**Work task**.
An exact transcription is needed, starting at the line containing "This screenshot has height=1307, width=924." and running through the last line of the records, with every picture left out.

= Beginning of Section =

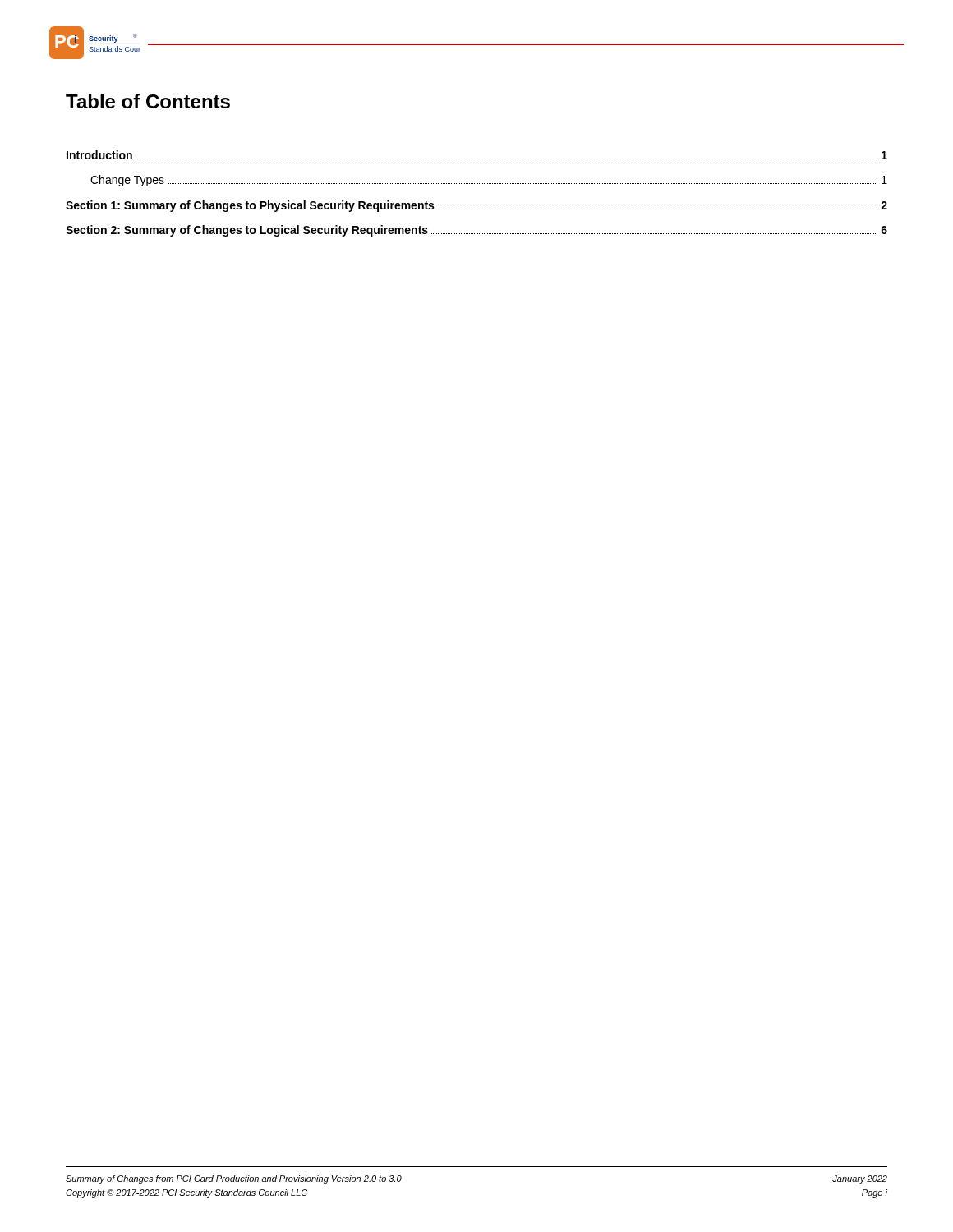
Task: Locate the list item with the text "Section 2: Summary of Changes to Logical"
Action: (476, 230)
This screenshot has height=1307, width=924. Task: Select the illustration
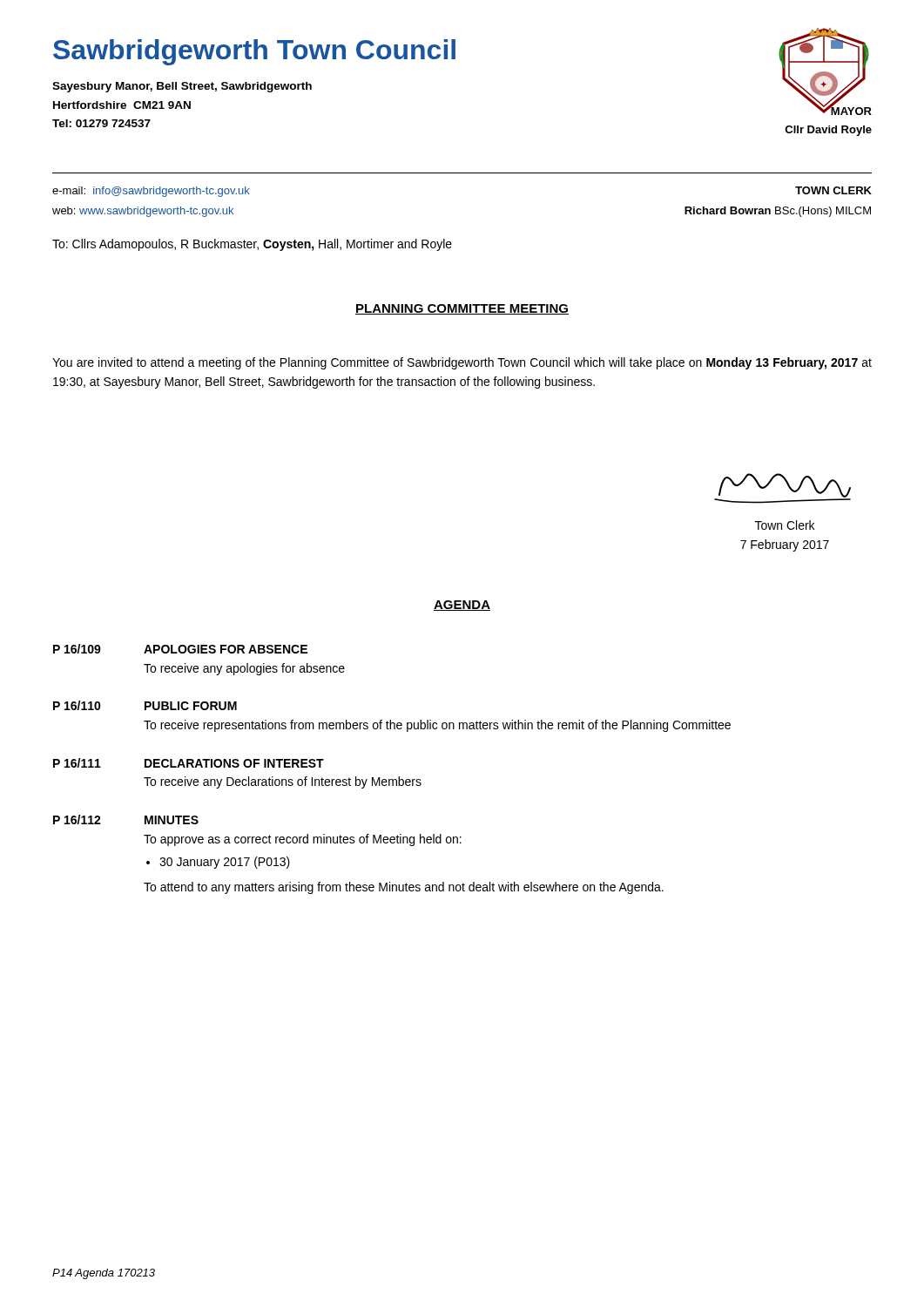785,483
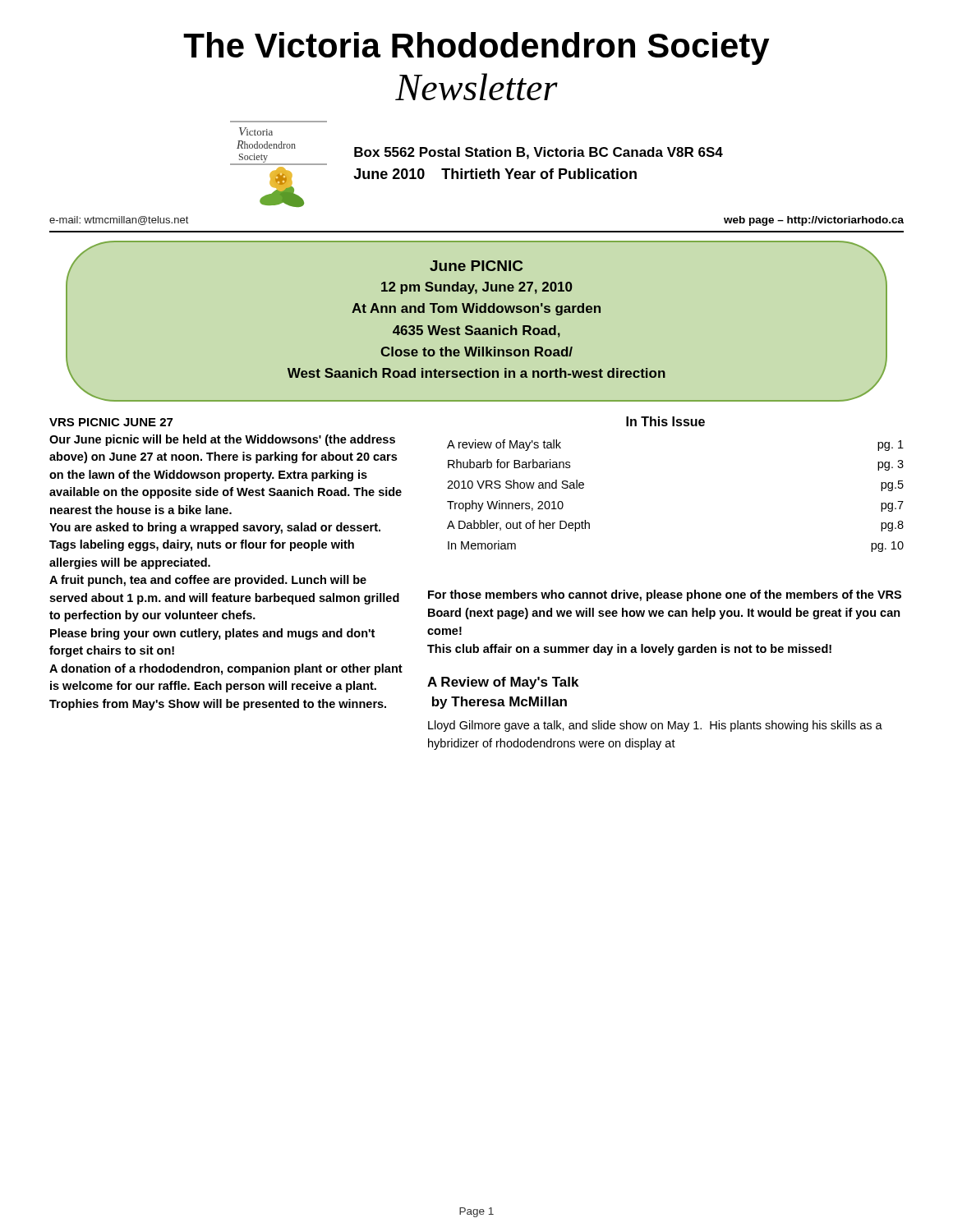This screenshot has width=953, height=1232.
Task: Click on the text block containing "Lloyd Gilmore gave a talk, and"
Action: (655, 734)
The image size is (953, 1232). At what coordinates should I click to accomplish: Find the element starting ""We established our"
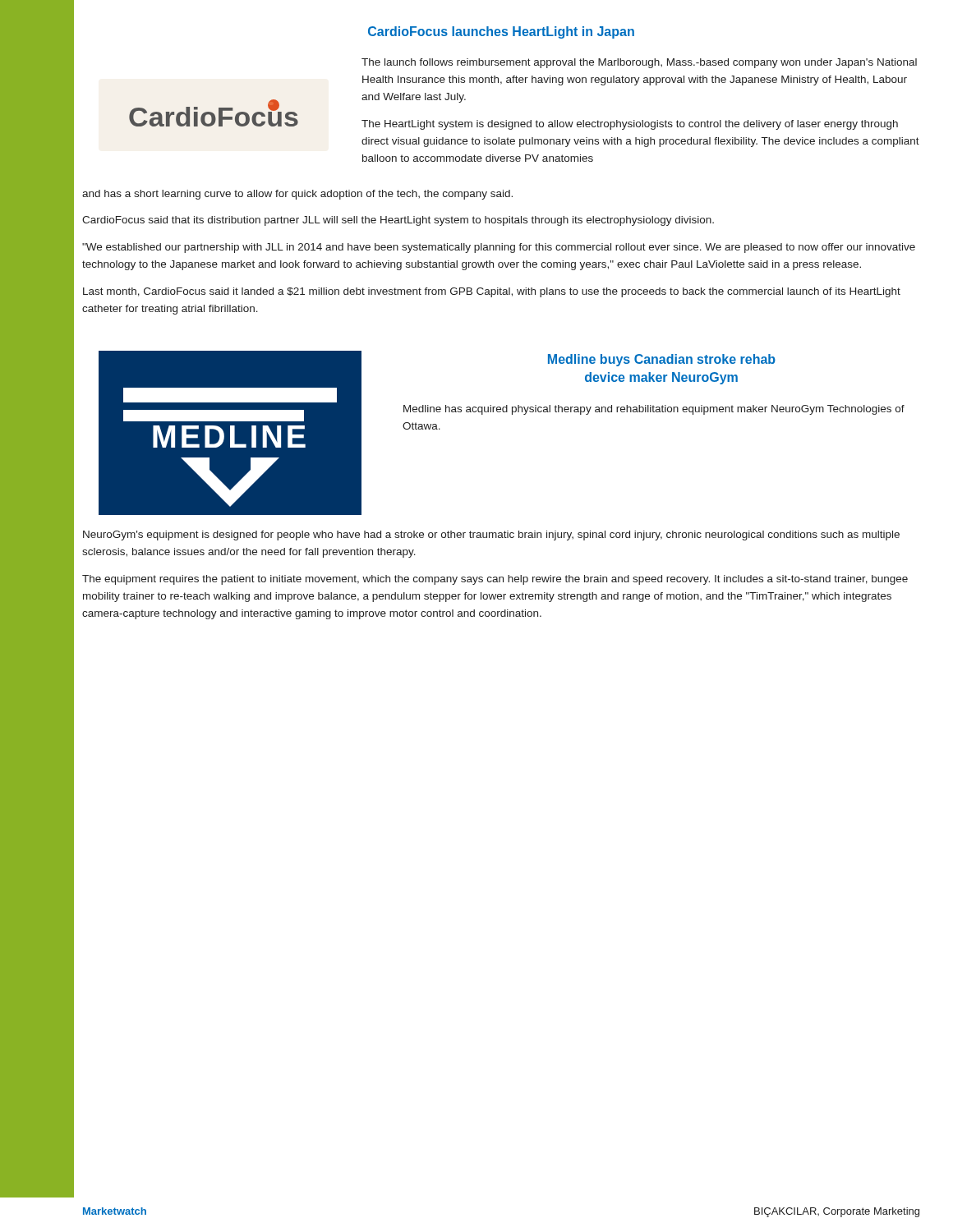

= End of Section =

**Task result**.
This screenshot has height=1307, width=924. Task: Select the illustration
785,483
This screenshot has width=953, height=1232.
Task: Click on the text block containing "Lloyd Gilmore gave a talk, and"
Action: (655, 734)
The image size is (953, 1232). At what coordinates should I click to accomplish: Find the element starting ""We established our"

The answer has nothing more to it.